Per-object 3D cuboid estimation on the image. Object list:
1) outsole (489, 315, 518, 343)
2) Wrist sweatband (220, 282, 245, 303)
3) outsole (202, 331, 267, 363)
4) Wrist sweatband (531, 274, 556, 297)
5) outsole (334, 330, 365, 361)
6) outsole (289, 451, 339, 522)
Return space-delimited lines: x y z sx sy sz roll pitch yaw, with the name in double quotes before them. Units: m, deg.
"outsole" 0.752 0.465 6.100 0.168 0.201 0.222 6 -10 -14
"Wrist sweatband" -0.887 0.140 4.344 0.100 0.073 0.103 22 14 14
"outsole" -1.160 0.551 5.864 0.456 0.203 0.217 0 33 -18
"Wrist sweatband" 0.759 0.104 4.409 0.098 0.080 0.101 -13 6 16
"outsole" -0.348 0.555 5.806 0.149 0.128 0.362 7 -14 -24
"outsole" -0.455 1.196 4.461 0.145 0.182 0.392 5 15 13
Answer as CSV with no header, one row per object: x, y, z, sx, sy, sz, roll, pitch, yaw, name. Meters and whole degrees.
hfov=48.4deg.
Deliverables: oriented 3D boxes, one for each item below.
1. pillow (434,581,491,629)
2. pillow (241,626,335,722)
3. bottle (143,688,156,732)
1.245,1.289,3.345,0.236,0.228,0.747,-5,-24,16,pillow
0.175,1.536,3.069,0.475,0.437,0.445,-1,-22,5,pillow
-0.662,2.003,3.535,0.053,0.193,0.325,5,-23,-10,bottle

____

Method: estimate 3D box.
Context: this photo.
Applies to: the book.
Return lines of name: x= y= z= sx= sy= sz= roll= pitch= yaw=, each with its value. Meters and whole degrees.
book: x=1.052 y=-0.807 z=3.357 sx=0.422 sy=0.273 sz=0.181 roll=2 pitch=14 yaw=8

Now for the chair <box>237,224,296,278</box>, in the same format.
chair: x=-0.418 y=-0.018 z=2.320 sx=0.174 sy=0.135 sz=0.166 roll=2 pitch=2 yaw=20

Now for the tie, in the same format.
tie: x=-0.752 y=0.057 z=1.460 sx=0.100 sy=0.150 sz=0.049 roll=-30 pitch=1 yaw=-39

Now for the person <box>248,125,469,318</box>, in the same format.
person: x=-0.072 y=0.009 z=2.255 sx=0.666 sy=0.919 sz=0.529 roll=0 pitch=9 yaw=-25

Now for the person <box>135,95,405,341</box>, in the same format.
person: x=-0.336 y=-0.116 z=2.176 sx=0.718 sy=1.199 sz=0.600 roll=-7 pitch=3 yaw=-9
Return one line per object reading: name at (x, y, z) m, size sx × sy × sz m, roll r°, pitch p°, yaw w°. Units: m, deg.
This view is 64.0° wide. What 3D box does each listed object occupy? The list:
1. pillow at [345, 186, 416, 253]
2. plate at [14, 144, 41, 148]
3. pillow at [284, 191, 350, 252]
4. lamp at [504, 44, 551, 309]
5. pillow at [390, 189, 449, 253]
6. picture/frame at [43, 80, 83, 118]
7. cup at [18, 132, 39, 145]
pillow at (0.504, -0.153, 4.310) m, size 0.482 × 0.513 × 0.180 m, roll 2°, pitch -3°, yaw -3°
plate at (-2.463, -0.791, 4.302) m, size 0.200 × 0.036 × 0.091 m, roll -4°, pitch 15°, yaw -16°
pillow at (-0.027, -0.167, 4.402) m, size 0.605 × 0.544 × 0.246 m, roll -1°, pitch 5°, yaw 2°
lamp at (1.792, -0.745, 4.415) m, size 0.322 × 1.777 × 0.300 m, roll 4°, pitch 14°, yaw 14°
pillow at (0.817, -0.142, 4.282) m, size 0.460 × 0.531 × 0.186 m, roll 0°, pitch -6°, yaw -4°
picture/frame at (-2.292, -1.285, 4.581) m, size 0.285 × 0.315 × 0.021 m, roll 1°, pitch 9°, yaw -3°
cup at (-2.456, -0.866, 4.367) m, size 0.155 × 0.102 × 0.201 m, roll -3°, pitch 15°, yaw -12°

____

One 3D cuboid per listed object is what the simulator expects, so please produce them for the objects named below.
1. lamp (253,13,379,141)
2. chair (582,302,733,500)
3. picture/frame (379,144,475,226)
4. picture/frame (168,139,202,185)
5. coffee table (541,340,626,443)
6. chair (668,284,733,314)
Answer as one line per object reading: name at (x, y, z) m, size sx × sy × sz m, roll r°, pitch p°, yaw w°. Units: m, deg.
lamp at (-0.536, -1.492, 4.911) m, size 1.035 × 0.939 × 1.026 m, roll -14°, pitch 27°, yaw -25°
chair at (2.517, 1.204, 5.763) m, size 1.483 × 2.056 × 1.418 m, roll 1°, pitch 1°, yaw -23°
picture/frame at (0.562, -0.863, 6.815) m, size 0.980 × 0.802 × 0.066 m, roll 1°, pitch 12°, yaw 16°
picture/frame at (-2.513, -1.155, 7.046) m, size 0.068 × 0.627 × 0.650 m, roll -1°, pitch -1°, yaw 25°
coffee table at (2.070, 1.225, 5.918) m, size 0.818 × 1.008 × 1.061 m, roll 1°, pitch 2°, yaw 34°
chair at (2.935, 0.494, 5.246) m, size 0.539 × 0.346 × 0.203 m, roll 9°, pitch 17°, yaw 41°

____

From the records above, copy only the lines starting with the line that holds "5) outsole (334, 330, 365, 361)" and going on through the line that holds "2. pillow (241,626,335,722)", exactly as written.

5) outsole (334, 330, 365, 361)
6) outsole (289, 451, 339, 522)
Return space-delimited lines: x y z sx sy sz roll pitch yaw, with the name in double quotes before them. Units: m, deg.
"outsole" 0.752 0.465 6.100 0.168 0.201 0.222 6 -10 -14
"Wrist sweatband" -0.887 0.140 4.344 0.100 0.073 0.103 22 14 14
"outsole" -1.160 0.551 5.864 0.456 0.203 0.217 0 33 -18
"Wrist sweatband" 0.759 0.104 4.409 0.098 0.080 0.101 -13 6 16
"outsole" -0.348 0.555 5.806 0.149 0.128 0.362 7 -14 -24
"outsole" -0.455 1.196 4.461 0.145 0.182 0.392 5 15 13
Answer as CSV with no header, one row per object: x, y, z, sx, sy, sz, roll, pitch, yaw, name. Meters and whole degrees.
hfov=48.4deg.
Deliverables: oriented 3D boxes, one for each item below.
1. pillow (434,581,491,629)
2. pillow (241,626,335,722)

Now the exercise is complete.